Numerical and experimental investigation of 3D flow field bipolar plates for PEMFCs by metal 3D printing

Abstract

The bipolar plate is one of the core components of a proton exchange membrane fuel cell (PEMFC). Its flow field structure directly affects the drainage and heat dissipation performance of the cell, as well as the transmission and distribution of the reaction gas. Compared with conventional 2D flow fields, novel 3D flow fields can provide superior gas–liquid mass transfer performance, significantly improving the performance of PEMFCs. However, traditional manufacturing processes fail to meet the associated molding needs, due to the complex structure of such plates.
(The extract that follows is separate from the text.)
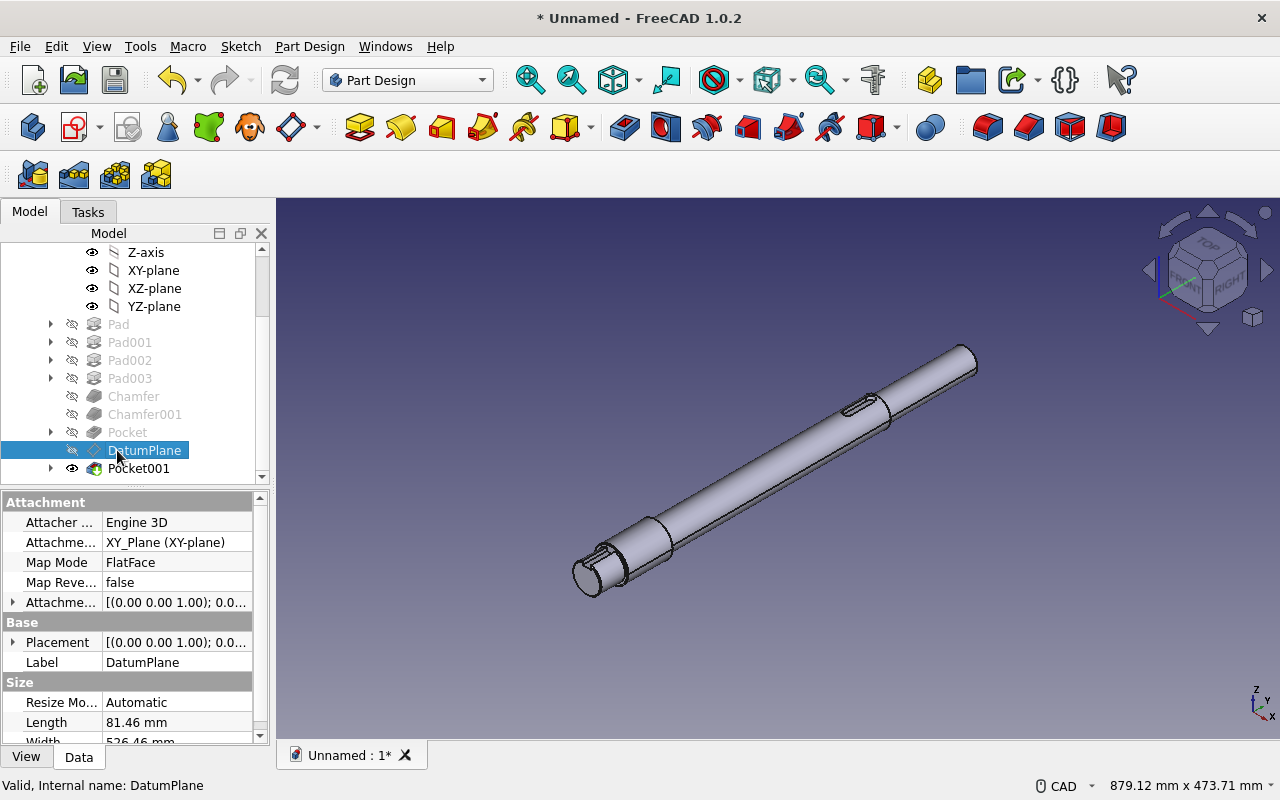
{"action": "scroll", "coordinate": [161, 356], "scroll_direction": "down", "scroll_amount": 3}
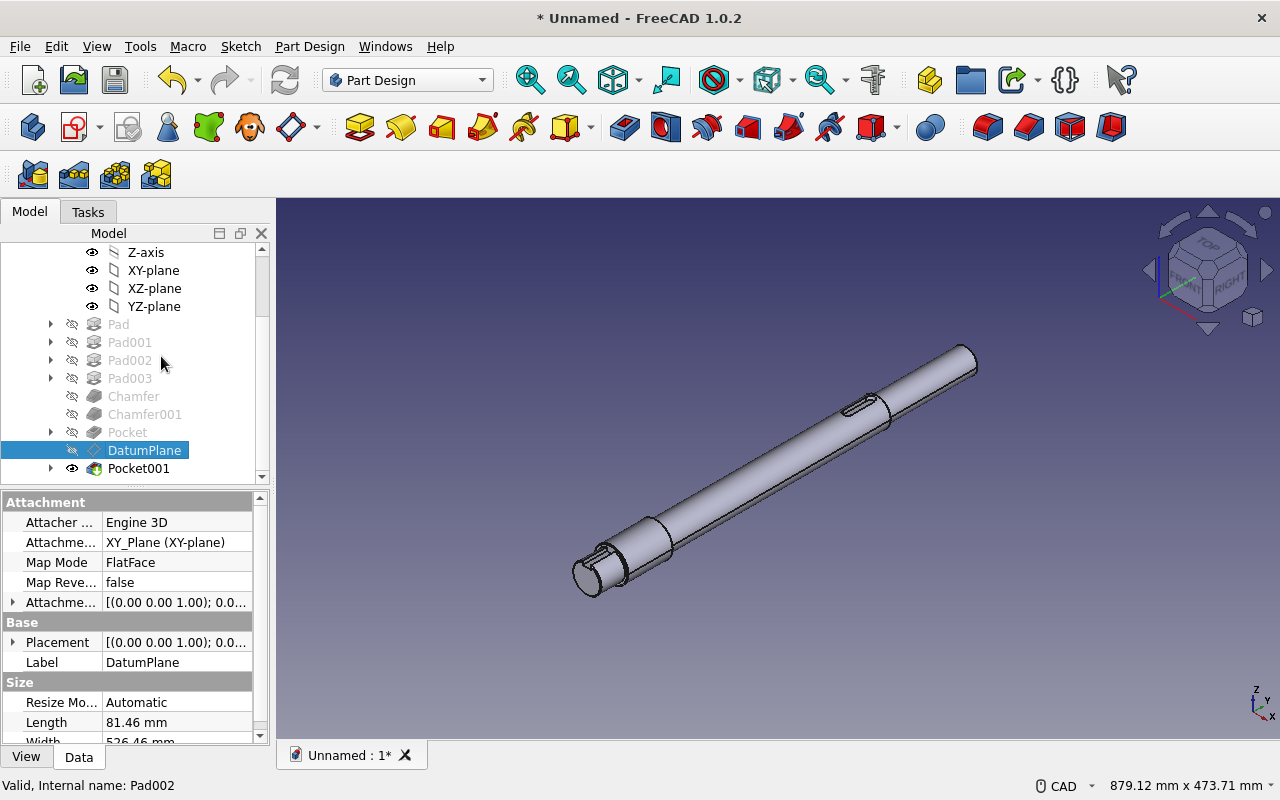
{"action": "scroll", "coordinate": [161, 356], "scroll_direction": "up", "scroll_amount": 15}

This research aims to investigate the metal 3D printing process, mass transfer law, and efficiency of 3D flow field bipolar plates, focusing on the influence of structural parameters on the gas–liquid mass transfer performance, by combining CFD multi-phase flow numerical simulations and experiments. The results indicate that the use of a 3D stepped flow field enhances the convection effect in the vertical direction due to the increase in Z-directional inflow, thus promoting oxygen transfer and reducing the accumulation of water. In particular, better gas–liquid mass transfer performance is achieved when the number of steps is 4. At 0.55 V, the measured power density of the Stepped-IV cell reached as high as 6727 W/m2, which is about 26 % higher than the conventional parallel flow field. This study provides an important technical and theoretical reference for the design and preparation of novel 3D complex flow fields.